Moving on is fine, but notwithstanding my "I love tech" mug, sometimes I question whether some of the new ways really are better than the old. The hazard is that we may be so keen to evolve and accept the new that we occasionally forget the things we got right before.

This can happen in academic research too. In medicine and epidemiology things move on quickly. Quicker processors mean new methods -- Big Data, computational epigenetics, and stacks of computer cores all dutifully crunching the latest research data while scientists catch up on email or use the newly liberated time to update their blogs. All very reasonable, so long as, in the meantime, we have remembered to tell the computer exactly how to crunch, parse, chunk, and grind.
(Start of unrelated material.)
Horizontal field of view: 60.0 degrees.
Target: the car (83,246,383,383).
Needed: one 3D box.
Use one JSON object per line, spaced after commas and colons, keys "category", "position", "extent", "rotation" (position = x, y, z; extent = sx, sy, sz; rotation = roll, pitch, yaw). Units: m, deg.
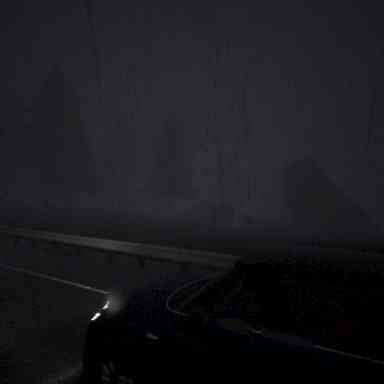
{"category": "car", "position": [0.984, 1.351, 3.303], "extent": [4.553, 1.767, 2.097], "rotation": [0, 0, 35]}

A while back a colleague and I were having lunch and looking over some data resulting from something called an ROC curve. These curves were initially developed in World War II to help "diagnose" allied aircraft and submarines so that Allied forces shot at the right things and didn't unnecessarily reduce a population of large, water-bound mammals. Later, in the 1980s, the curves were adopted by epidemiologists to help them decide at what point an individual can be said to have recovered from a health complaint. I won't bore you with all the techy details, in case statistics isn't your passion, but basically it all comes down to choosing a point on a curve to determine when recovery has occurred. For many chronic conditions epidemiologists agree that the correct point to choose is the point closest to the top-left corner of this curve. As we stopped to think about it, it struck us as obvious that the way to choose this point is by using Pythagoras' theorem. We had a point in two-dimensional space, with coordinates that describe two sides of a right-angled triangle. The distance to the top-left corner is then the hypotenuse.

This wasn't really a "eureka" moment -- not by any stretch -- but what concerned us was that this was not what our epidemiologist peers and colleagues were doing. None of them was. For example, methods of defining the point based on drawing a tangent line had crept into research articles and were being repeated by those applying the work in new settings. It was just the way it was being done, and no one had stopped to question it.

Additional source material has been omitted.